About this exercise
Leaving out the images, please output every entry exactly as it appears.
Top of Record set
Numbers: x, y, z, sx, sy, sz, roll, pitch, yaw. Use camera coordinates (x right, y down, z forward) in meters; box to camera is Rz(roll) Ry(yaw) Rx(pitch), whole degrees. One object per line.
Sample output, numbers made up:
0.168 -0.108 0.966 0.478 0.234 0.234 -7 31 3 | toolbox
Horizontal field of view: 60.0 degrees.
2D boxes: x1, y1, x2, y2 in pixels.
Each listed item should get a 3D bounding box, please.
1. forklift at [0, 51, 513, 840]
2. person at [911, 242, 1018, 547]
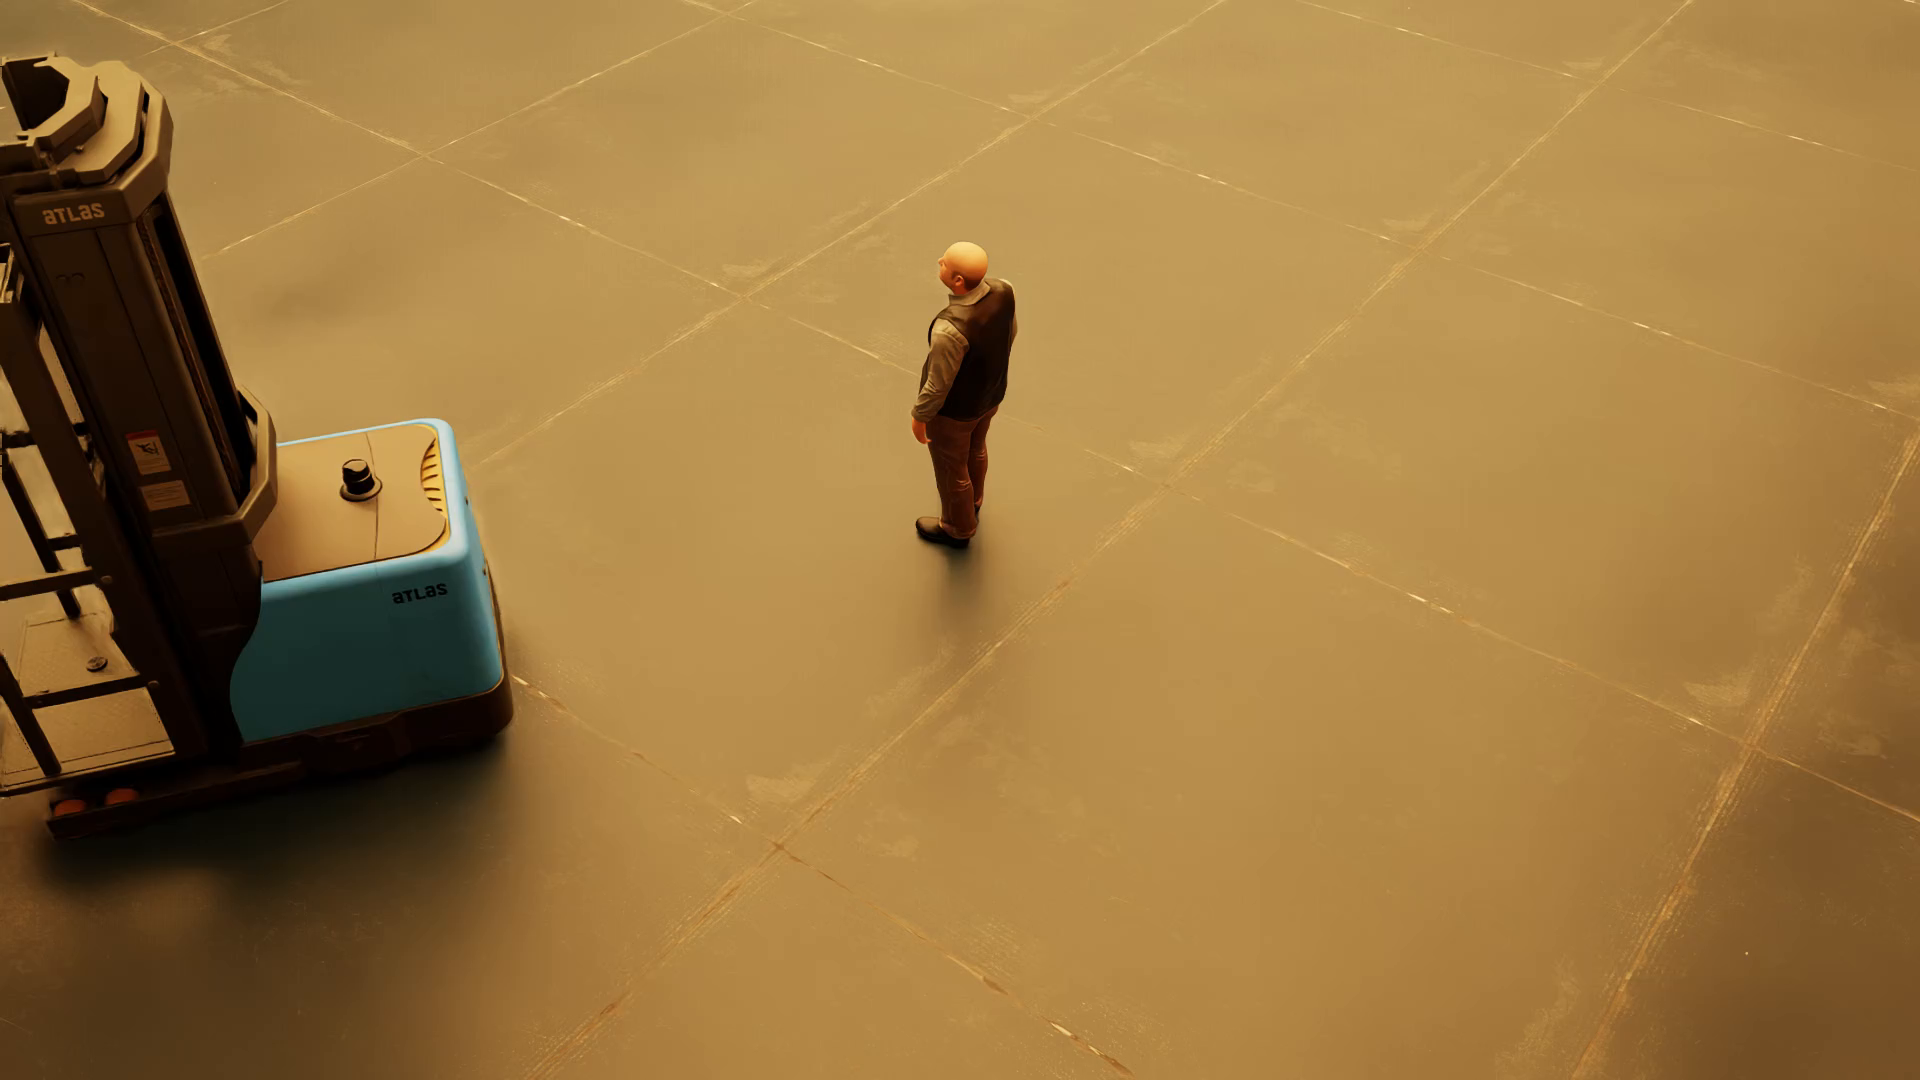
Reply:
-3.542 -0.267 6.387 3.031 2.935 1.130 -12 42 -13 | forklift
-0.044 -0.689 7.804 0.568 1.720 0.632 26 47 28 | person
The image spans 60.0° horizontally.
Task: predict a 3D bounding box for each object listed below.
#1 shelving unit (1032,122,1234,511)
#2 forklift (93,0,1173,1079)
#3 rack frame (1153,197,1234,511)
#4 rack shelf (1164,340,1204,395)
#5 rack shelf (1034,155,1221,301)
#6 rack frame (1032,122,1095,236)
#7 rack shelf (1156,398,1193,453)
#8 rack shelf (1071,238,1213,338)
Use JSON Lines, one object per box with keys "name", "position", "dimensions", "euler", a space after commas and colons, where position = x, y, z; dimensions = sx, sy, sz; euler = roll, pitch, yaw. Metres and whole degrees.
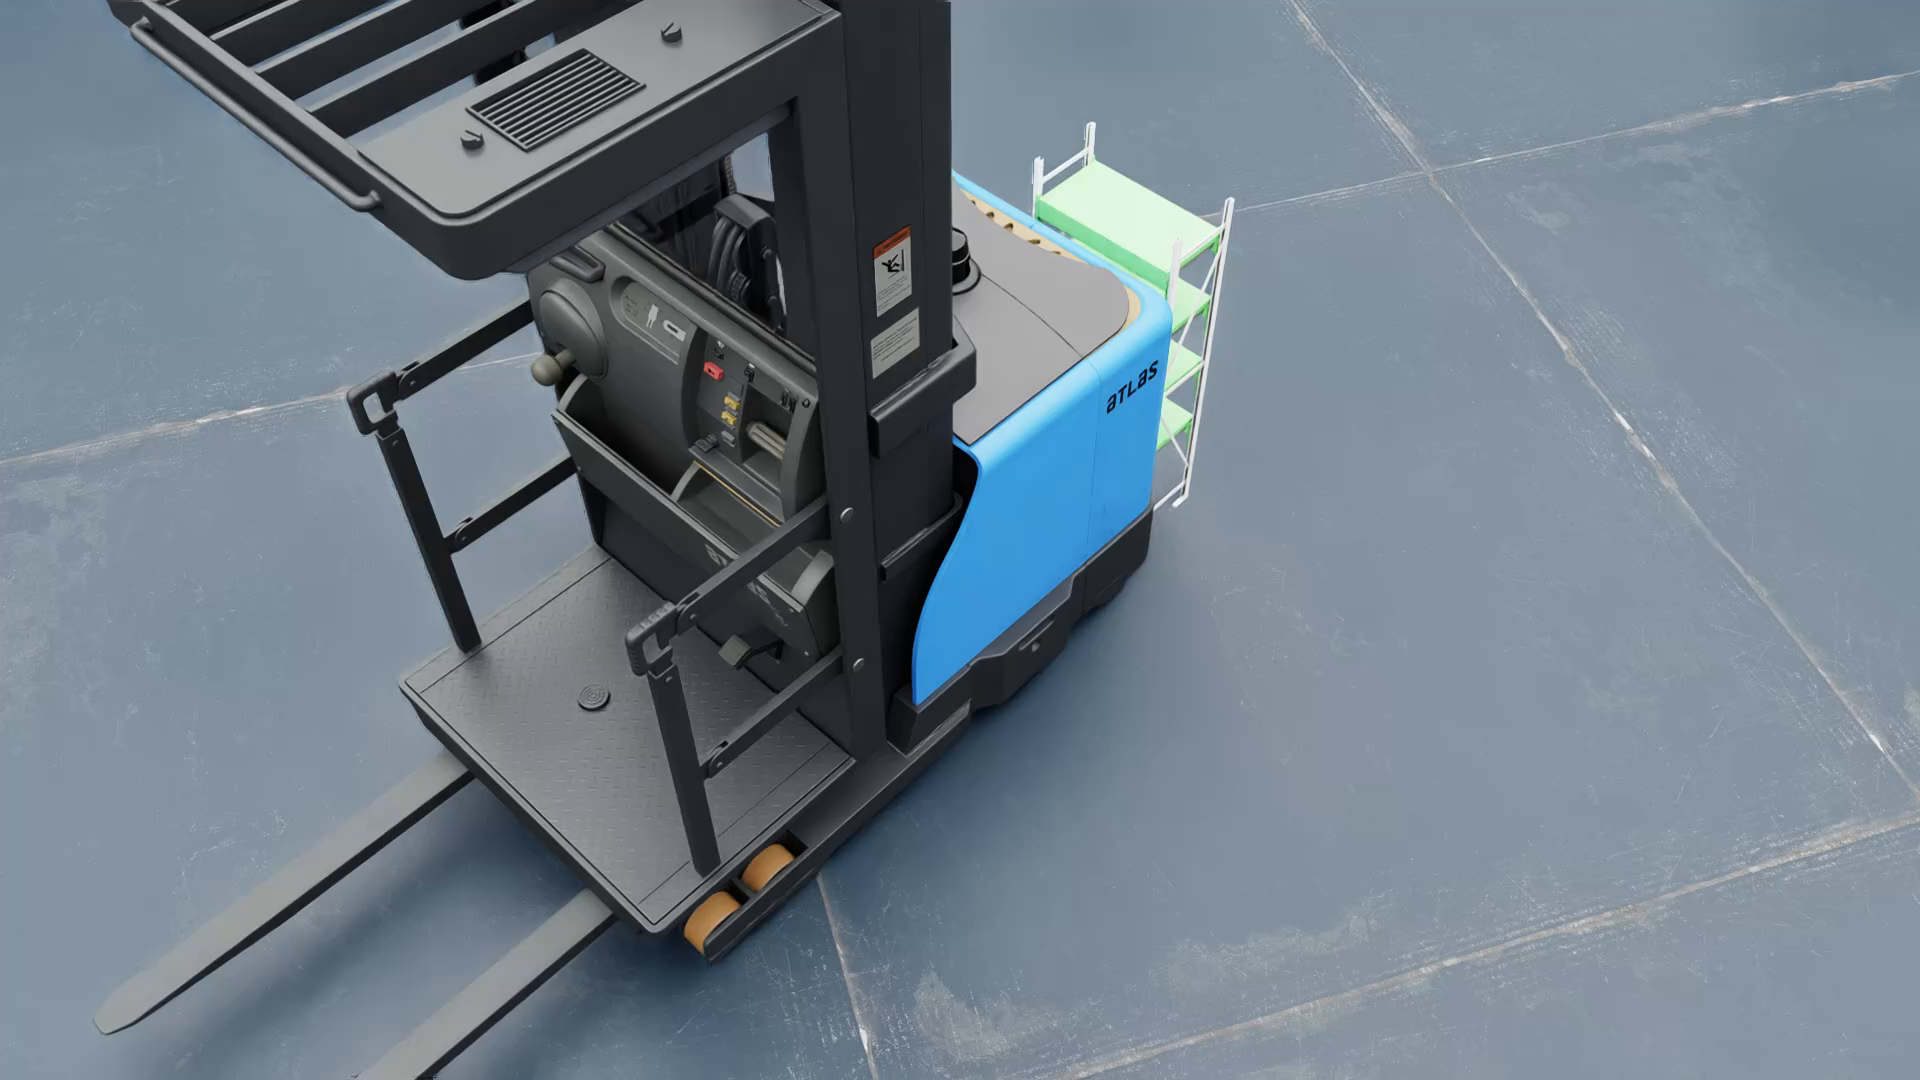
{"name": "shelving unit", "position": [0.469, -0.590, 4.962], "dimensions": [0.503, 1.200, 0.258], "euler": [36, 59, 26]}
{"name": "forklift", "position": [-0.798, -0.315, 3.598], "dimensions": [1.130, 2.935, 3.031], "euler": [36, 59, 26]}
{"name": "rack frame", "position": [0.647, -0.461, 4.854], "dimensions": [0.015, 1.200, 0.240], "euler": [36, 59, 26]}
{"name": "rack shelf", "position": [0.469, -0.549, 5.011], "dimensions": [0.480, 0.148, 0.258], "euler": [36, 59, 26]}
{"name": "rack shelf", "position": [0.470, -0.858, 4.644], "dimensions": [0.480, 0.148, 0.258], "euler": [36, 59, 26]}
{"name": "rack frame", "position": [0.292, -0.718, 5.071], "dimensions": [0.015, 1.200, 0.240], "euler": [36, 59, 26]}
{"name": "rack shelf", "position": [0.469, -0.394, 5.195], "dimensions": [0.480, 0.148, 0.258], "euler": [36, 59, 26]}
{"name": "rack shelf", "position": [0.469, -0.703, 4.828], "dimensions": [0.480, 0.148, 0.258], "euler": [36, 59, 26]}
Bottom of Record set
Result
Numbers: x, y, z, sx, sy, sz, roll, pitch, yaw. Use camera coordinates (x right, y down, z forward) in meters; box to camera is Rz(roll) Ry(yaw) Rx(pitch), whole degrees. One object per line.
Sample output, numbers made up:
0.168 -0.108 0.966 0.478 0.234 0.234 -7 31 3 | toolbox
Horizontal field of view: 60.0 degrees.
2D boxes: x1, y1, x2, y2 in pixels.
Each listed item should get a 3D bounding box, please.
1. forklift at [0, 51, 513, 840]
2. person at [911, 242, 1018, 547]
Reply:
-3.542 -0.267 6.387 3.031 2.935 1.130 -12 42 -13 | forklift
-0.044 -0.689 7.804 0.568 1.720 0.632 26 47 28 | person
The image spans 60.0° horizontally.
Task: predict a 3D bounding box for each object listed below.
#1 shelving unit (1032,122,1234,511)
#2 forklift (93,0,1173,1079)
#3 rack frame (1153,197,1234,511)
#4 rack shelf (1164,340,1204,395)
#5 rack shelf (1034,155,1221,301)
#6 rack frame (1032,122,1095,236)
#7 rack shelf (1156,398,1193,453)
#8 rack shelf (1071,238,1213,338)
Use JSON Lines, one object per box with keys "name", "position", "dimensions", "euler", a space after commas and colons, where position = x, y, z; dimensions = sx, sy, sz; euler = roll, pitch, yaw. Metres and whole degrees.
{"name": "shelving unit", "position": [0.469, -0.590, 4.962], "dimensions": [0.503, 1.200, 0.258], "euler": [36, 59, 26]}
{"name": "forklift", "position": [-0.798, -0.315, 3.598], "dimensions": [1.130, 2.935, 3.031], "euler": [36, 59, 26]}
{"name": "rack frame", "position": [0.647, -0.461, 4.854], "dimensions": [0.015, 1.200, 0.240], "euler": [36, 59, 26]}
{"name": "rack shelf", "position": [0.469, -0.549, 5.011], "dimensions": [0.480, 0.148, 0.258], "euler": [36, 59, 26]}
{"name": "rack shelf", "position": [0.470, -0.858, 4.644], "dimensions": [0.480, 0.148, 0.258], "euler": [36, 59, 26]}
{"name": "rack frame", "position": [0.292, -0.718, 5.071], "dimensions": [0.015, 1.200, 0.240], "euler": [36, 59, 26]}
{"name": "rack shelf", "position": [0.469, -0.394, 5.195], "dimensions": [0.480, 0.148, 0.258], "euler": [36, 59, 26]}
{"name": "rack shelf", "position": [0.469, -0.703, 4.828], "dimensions": [0.480, 0.148, 0.258], "euler": [36, 59, 26]}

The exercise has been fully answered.